Organizational Design

The organizational design of a company is extremely important in business communications because it changes the environment and the manner in which things are communicated. If a person outside of a company is able to discern the organizational design of the company they are trying to communicate with then they are more capable of making informed decisions on the best way to approach the company they are wanting to initiate communications with. It is important to remember that every company has its own “corporate culture” and the culture within a company can have a huge impact upon business communications within the company as well as outside of the company. Knowing the structure and organization of a company not only helps others to understand how the company works but also how the company communicates.
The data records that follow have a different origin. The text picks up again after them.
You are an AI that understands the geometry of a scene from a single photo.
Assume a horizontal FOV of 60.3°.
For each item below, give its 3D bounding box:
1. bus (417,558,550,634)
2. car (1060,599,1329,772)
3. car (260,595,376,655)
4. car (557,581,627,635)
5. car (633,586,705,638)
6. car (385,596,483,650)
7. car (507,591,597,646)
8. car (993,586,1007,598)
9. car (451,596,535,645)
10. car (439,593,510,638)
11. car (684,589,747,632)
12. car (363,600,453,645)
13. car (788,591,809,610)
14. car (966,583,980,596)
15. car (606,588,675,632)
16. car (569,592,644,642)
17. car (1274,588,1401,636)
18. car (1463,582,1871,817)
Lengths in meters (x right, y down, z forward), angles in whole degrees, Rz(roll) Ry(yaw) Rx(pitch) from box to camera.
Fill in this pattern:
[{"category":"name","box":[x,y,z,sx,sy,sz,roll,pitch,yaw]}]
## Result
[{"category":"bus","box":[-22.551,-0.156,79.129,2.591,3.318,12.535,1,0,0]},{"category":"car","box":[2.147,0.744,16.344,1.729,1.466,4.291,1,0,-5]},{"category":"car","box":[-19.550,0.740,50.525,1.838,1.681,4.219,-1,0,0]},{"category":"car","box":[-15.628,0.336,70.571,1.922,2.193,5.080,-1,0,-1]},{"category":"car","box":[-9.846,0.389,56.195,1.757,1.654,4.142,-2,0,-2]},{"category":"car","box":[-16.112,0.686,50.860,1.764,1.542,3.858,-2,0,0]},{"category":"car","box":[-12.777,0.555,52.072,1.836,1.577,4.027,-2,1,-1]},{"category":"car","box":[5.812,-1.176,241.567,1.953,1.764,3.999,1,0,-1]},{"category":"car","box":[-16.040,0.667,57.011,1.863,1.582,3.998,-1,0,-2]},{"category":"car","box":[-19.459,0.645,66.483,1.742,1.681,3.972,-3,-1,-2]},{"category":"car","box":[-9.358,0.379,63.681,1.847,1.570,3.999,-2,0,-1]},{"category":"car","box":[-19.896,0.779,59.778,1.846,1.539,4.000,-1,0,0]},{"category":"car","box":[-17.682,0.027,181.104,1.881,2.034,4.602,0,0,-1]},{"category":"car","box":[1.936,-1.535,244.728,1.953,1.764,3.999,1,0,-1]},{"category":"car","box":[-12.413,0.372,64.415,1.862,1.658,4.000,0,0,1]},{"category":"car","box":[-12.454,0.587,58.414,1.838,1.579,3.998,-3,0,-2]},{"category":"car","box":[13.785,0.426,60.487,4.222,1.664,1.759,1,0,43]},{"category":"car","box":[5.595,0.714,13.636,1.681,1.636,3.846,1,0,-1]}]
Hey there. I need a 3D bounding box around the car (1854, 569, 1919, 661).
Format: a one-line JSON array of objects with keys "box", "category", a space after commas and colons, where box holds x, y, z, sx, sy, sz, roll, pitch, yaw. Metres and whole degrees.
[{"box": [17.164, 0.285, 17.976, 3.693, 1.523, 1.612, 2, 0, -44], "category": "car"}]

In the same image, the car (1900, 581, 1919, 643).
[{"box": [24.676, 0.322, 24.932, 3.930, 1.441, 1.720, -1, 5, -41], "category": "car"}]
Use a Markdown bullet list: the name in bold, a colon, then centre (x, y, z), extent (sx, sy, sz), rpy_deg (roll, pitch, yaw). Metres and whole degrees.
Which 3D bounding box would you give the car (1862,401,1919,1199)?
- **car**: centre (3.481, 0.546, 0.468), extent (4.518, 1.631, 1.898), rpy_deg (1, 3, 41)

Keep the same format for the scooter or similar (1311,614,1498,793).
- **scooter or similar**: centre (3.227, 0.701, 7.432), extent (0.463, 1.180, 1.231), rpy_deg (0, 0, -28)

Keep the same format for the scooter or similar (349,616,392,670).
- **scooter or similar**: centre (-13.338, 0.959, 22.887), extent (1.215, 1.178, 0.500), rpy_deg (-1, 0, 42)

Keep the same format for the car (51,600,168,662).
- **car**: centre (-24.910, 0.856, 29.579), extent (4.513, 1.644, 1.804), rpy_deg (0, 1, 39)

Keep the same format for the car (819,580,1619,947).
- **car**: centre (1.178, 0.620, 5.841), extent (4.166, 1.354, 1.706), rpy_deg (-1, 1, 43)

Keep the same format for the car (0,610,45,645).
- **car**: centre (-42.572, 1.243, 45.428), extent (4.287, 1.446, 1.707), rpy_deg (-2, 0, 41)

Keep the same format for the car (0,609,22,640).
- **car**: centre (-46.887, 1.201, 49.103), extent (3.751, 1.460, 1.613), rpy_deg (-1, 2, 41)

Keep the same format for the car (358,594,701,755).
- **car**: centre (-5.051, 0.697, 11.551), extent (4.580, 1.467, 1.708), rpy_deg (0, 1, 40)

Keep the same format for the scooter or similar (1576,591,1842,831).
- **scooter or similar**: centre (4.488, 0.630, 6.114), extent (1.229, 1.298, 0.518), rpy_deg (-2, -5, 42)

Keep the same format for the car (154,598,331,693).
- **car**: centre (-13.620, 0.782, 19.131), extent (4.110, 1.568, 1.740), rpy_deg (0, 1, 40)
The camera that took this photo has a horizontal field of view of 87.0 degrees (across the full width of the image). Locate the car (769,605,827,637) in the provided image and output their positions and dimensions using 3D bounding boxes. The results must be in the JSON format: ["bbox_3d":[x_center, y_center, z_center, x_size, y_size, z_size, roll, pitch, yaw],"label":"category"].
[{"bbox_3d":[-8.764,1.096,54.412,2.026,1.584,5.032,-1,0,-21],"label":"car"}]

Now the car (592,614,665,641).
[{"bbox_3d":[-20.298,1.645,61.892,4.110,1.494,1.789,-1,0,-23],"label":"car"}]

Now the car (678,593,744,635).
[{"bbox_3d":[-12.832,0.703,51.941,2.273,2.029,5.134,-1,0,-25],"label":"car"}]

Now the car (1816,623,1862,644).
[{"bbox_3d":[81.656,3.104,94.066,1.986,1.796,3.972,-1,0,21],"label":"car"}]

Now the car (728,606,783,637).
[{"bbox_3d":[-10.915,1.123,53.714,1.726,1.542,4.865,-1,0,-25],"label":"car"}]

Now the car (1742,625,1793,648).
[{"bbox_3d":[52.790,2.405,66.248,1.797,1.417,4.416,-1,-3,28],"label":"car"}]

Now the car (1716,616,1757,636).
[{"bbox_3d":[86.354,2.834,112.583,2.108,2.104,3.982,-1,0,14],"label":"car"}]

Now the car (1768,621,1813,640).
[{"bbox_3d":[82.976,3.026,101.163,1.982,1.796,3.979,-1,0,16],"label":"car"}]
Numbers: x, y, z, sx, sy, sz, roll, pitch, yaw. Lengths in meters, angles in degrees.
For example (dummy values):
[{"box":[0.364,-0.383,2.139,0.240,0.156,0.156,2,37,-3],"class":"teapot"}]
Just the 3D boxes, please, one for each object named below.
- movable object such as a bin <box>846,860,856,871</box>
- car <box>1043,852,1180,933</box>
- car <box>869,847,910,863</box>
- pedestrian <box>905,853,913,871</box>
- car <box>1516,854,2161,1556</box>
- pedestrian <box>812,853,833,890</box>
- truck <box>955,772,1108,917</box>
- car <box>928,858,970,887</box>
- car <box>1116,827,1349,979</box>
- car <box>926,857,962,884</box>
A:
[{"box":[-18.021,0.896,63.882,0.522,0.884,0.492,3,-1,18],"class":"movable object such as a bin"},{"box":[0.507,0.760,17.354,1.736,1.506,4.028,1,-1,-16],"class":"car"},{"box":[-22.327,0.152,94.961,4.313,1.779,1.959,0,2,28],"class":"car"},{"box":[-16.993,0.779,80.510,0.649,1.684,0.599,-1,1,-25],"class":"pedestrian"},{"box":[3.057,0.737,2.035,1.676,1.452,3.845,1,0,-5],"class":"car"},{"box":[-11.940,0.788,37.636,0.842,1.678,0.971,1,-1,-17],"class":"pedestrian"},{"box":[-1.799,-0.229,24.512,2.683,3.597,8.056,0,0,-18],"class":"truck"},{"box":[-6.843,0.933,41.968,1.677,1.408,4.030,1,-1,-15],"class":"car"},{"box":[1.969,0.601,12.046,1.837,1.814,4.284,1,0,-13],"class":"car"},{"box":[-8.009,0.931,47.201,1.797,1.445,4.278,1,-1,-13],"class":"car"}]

Being aware of how a company communicates will help to ensure that business communications are successful.

1) “Functional Organization”

-Reduces duplication of activities -Encourages technical expertise -Creates narrow perspectives -Difficult to coordinate

2) “Divisional Organization”

-Improves decision making -Fixes accountability for performance -Increases coordination of functions -Hard to allocate corporate staff support -Loses some economies of scale -Fosters rivalry among divisions

3) “Matrix Structures”

-Reinforces & broadens technical excellence -Facilitates efficient use of resources -Balances conflicting objectives of the organization -Increases power conflicts -Increases confusion & stress for 2-boss employees -Impedes decision making

4) “Lateral Relations”

-Dotted-line supervision -Liaison roles -Temporary task forces -Permanent teams -Integrating managers

Organizational Designs

Functional- organizational units are created on the basis of specialty functions (production finance, marketing, etc). Strengths: specialization and all the strengths tied to specialization. Weaknesses: slow response to change because of coordination and decision making problems, difficulty with the wide-system view.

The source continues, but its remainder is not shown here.